Hey, on prefect 2 cloud I randomly encounter "inte...
# prefect-community
a
Hey, on prefect 2 cloud I randomly encounter "internal server error"s when the agent wants to communicate with the server (exception see in thread). I have a flow which spawns up to 50 Tasks (the tasks are all done within seconds). I run the flow currently every 5 minutes. Am I running in some sort of api limitation due to too many tasks? Is there something to prevent this internal server error from happening? This error happens approx. every 15th time, all other times, the flow runs just fine.
Copy code
File "/usr/local/lib/python3.9/site-packages/prefect/client.py", line 226, in raise_for_status
    raise PrefectHTTPStatusError.from_httpx_error(exc) from exc.__cause__
prefect.exceptions.PrefectHTTPStatusError: Server error '500 Internal Server Error' for url '<https://api.prefect.cloud/api/accounts/bd169b15-9cf0-41df-9e46-2233ca3fcfba/workspaces/f507fe51-4c9f-400d-8861-ccfaf33b13e4/task_runs/|https://api.prefect.cloud/api/accounts/bd169b15-9cf0-41df-9e46-2233ca3fcfba/workspaces/f507fe51-4c9f-400d-8861-ccfaf33b13e4/task_runs/>'
Response: {'exception_message': 'Internal Server Error'}
Copy code
Encountered exception during execution:
Traceback (most recent call last):
  File "/usr/local/lib/python3.9/site-packages/prefect/engine.py", line 587, in orchestrate_flow_run
    result = await run_sync(flow_call)
  File "/usr/local/lib/python3.9/site-packages/prefect/utilities/asyncutils.py", line 116, in run_sync_in_interruptible_worker_thread
    tg.start_soon(
  File "/usr/local/lib/python3.9/site-packages/anyio/_backends/_asyncio.py", line 662, in __aexit__
    raise exceptions[0]
  File "/usr/local/lib/python3.9/site-packages/anyio/to_thread.py", line 31, in run_sync
    return await get_asynclib().run_sync_in_worker_thread(
  File "/usr/local/lib/python3.9/site-packages/anyio/_backends/_asyncio.py", line 937, in run_sync_in_worker_thread
    return await future
  File "/usr/local/lib/python3.9/site-packages/anyio/_backends/_asyncio.py", line 867, in run
    result = context.run(func, *args)
  File "/usr/local/lib/python3.9/site-packages/prefect/utilities/asyncutils.py", line 96, in capture_worker_thread_and_result
    result = __fn(*args, **kwargs)
  File "teeevents_flow.py", line 203, in save_nonblacklist_leads_to_salesforce
    update_synced_events.submit(bigquery_dataset_name, bigquery_table_name,
  File "/usr/local/lib/python3.9/site-packages/prefect/tasks.py", line 491, in submit
    return enter_task_run_engine(
  File "/usr/local/lib/python3.9/site-packages/prefect/engine.py", line 727, in enter_task_run_engine
    return run_async_from_worker_thread(begin_run)

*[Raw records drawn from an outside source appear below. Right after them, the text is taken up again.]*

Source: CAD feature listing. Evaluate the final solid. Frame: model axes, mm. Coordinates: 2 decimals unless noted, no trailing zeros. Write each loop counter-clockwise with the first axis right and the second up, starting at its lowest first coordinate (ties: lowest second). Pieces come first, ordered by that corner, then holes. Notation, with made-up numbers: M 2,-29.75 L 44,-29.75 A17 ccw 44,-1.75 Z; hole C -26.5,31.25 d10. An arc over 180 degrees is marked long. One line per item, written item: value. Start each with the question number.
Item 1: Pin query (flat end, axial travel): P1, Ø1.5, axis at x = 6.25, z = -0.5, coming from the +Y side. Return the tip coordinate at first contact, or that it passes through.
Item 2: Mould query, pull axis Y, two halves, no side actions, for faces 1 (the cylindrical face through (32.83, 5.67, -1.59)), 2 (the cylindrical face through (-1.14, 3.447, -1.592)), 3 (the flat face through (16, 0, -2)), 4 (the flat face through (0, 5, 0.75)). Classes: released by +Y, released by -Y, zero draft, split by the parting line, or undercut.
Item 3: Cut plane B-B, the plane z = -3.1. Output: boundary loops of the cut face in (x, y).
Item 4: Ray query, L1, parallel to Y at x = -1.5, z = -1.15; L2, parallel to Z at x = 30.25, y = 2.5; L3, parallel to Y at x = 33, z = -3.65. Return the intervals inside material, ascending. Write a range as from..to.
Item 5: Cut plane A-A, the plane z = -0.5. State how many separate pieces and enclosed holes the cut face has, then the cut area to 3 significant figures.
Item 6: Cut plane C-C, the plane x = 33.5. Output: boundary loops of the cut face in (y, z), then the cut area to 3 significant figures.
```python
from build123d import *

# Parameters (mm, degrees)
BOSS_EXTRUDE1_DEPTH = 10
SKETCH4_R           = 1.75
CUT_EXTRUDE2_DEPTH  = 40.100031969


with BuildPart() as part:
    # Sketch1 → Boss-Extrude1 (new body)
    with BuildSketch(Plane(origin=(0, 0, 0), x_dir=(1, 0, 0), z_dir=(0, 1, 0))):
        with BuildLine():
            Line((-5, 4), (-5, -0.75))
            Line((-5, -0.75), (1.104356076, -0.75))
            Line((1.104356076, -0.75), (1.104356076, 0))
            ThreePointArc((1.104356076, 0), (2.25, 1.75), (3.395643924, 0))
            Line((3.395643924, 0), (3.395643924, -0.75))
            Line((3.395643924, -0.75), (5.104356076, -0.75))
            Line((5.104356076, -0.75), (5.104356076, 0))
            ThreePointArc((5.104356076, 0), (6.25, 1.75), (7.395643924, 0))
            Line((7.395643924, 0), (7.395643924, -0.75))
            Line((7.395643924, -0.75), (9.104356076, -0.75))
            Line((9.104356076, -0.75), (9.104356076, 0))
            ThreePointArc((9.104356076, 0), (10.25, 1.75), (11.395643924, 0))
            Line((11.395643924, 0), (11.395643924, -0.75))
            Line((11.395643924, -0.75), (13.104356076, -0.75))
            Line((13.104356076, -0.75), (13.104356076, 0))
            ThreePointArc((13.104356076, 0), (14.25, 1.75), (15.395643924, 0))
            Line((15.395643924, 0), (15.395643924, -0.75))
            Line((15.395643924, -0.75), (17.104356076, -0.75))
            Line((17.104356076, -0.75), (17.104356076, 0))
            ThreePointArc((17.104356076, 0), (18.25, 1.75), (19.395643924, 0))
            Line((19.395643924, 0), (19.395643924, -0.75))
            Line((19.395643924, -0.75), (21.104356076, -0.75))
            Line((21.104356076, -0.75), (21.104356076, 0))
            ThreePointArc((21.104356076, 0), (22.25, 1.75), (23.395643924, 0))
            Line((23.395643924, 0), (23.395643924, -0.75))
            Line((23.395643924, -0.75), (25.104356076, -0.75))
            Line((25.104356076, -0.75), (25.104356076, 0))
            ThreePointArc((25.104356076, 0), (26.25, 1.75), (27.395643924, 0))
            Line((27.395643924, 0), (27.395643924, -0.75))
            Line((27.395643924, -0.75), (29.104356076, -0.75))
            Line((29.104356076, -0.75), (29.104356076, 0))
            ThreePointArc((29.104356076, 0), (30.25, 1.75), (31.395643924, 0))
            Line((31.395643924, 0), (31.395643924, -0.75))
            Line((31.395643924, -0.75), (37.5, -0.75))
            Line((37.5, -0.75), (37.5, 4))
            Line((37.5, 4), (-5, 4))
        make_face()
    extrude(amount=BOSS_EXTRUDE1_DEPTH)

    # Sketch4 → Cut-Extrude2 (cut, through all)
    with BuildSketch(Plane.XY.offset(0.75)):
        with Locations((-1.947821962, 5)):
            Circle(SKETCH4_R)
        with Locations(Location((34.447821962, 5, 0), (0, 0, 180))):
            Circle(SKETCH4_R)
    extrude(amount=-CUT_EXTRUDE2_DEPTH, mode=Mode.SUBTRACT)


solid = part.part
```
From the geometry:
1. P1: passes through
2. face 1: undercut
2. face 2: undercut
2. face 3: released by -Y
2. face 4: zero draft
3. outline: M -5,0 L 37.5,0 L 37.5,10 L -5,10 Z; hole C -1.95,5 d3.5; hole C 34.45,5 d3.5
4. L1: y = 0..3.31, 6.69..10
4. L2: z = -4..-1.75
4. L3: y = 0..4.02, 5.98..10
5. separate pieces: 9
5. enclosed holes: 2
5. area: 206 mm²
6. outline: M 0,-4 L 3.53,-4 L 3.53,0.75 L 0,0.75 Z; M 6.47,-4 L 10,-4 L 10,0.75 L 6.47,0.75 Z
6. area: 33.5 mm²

  File "/usr/local/lib/python3.9/site-packages/prefect/utilities/asyncutils.py", line 136, in run_async_from_worker_thread
    return anyio.from_thread.run(call)
  File "/usr/local/lib/python3.9/site-packages/anyio/from_thread.py", line 49, in run
    return asynclib.run_async_from_thread(func, *args)

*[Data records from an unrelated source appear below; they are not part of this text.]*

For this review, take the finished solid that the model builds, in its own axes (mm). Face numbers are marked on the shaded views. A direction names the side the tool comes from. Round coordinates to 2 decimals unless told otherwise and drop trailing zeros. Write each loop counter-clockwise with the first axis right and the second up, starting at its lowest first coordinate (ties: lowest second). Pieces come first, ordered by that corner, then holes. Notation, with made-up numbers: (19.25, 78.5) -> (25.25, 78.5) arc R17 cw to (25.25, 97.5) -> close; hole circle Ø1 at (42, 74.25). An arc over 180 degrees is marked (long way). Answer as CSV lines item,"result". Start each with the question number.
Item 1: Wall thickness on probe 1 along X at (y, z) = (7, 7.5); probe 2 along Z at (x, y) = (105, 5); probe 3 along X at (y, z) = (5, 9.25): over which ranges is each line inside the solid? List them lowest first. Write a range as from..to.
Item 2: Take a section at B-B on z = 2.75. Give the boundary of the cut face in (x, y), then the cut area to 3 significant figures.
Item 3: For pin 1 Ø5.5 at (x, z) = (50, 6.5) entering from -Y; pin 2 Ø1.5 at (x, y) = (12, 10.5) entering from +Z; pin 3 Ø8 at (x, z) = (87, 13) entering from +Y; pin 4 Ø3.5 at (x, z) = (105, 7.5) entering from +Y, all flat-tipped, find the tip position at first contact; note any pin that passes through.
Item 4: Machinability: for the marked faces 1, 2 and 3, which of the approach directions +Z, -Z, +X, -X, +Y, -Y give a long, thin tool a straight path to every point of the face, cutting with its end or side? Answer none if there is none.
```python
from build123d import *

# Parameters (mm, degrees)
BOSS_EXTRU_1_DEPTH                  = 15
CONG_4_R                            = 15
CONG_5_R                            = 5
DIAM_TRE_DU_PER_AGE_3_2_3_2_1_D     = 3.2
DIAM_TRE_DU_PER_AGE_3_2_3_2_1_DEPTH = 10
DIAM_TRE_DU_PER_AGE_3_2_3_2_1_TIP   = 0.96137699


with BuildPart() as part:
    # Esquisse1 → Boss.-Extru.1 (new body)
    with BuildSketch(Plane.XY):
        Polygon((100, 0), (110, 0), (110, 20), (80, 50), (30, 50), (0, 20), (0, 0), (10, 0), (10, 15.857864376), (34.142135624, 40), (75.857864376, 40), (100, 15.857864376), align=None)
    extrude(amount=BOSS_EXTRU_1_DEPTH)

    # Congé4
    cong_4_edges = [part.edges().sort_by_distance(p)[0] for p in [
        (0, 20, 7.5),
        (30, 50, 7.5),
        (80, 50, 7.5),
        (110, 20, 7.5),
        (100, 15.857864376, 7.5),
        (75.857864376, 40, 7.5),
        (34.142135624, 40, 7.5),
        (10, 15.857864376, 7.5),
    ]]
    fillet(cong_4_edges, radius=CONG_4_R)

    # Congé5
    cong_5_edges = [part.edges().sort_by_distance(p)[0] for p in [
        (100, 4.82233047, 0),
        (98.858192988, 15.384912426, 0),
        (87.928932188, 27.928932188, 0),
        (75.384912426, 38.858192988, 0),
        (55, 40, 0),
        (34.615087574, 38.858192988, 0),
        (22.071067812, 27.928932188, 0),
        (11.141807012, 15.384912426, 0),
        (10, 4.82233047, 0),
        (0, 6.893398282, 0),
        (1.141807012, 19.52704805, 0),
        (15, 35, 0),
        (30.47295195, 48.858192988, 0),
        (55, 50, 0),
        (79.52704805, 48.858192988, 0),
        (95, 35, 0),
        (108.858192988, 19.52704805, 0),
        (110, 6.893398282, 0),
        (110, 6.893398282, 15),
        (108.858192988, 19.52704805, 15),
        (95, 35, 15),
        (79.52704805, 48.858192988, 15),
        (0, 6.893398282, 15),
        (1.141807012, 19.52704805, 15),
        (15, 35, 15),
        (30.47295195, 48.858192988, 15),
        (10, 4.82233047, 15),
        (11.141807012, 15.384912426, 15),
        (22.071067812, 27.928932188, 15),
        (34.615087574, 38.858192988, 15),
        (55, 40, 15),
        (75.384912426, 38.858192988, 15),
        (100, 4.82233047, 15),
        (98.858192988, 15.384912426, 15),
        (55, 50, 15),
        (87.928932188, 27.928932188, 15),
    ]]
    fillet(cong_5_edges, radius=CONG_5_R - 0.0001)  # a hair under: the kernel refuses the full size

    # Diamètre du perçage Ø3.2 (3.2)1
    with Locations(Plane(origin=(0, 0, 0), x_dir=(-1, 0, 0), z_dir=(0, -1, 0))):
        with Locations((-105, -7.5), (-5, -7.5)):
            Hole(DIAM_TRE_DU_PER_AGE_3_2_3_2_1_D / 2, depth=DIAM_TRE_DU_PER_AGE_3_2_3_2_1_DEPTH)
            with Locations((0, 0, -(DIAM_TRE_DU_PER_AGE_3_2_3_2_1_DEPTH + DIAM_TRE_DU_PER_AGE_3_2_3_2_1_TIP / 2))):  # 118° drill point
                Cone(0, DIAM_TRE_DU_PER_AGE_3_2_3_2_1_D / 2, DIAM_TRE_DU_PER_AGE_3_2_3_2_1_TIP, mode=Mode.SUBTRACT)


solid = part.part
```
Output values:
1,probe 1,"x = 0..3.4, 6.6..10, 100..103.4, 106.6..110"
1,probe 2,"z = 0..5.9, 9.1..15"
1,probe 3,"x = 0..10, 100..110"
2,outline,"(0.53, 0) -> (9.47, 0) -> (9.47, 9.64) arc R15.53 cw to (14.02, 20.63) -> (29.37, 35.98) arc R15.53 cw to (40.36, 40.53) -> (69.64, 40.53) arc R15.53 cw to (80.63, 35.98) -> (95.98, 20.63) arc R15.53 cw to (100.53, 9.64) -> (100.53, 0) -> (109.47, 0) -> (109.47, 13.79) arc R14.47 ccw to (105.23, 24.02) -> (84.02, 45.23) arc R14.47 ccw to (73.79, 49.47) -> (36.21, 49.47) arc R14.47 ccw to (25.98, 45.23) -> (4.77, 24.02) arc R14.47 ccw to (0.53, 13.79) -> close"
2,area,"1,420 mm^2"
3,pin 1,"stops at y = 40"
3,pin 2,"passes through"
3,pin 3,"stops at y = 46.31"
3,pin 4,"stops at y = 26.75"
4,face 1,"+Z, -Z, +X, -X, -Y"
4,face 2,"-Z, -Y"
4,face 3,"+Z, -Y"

  File "/usr/local/lib/python3.9/site-packages/anyio/_backends/_asyncio.py", line 970, in run_async_from_thread
    return f.result()
  File "/usr/local/lib/python3.9/concurrent/futures/_base.py", line 446, in result
    return self.__get_result()
  File "/usr/local/lib/python3.9/concurrent/futures/_base.py", line 391, in __get_result
    raise self._exception
  File "/usr/local/lib/python3.9/site-packages/prefect/engine.py", line 837, in create_task_run_then_submit
    task_run = await create_task_run(
  File "/usr/local/lib/python3.9/site-packages/prefect/engine.py", line 877, in create_task_run
    task_run = await flow_run_context.client.create_task_run(
  File "/usr/local/lib/python3.9/site-packages/prefect/client.py", line 1693, in create_task_run
    response = await <http://self._client.post|self._client.post>(
  File "/usr/local/lib/python3.9/site-packages/httpx/_client.py", line 1842, in post
    return await self.request(
  File "/usr/local/lib/python3.9/site-packages/httpx/_client.py", line 1527, in request
    return await self.send(request, auth=auth, follow_redirects=follow_redirects)
  File "/usr/local/lib/python3.9/site-packages/prefect/client.py", line 280, in send
    response.raise_for_status()
  File "/usr/local/lib/python3.9/site-packages/prefect/client.py", line 226, in raise_for_status
    raise PrefectHTTPStatusError.from_httpx_error(exc) from exc.__cause__
prefect.exceptions.PrefectHTTPStatusError: Server error '500 Internal Server Error' for url '<https://api.prefect.cloud/api/accounts/bd169b15-9cf0-41df-9e46-2233ca3fcfba/workspaces/f507fe51-4c9f-400d-8861-ccfaf33b13e4/task_runs/|https://api.prefect.cloud/api/accounts/bd169b15-9cf0-41df-9e46-2233ca3fcfba/workspaces/f507fe51-4c9f-400d-8861-ccfaf33b13e4/task_runs/>'
Response: {'exception_message': 'Internal Server Error'}
z
Hi! We’re getting a team together to investigate and resolve these errors. Have you set up retries on your flow run?
a
Hey, yes I use retries (2 retries). But the flow immediately enters failed state after this exception occurs, without attempting to retry. And it only ever occurs for this rather high-number-of-tasks flow. For other flows i most of the time have only max. 10 tasks or so - there it never occurs. It might be reproducible with spawning a lot of tasks and running the flow in a rather short interval? Thanks a lot for investigating.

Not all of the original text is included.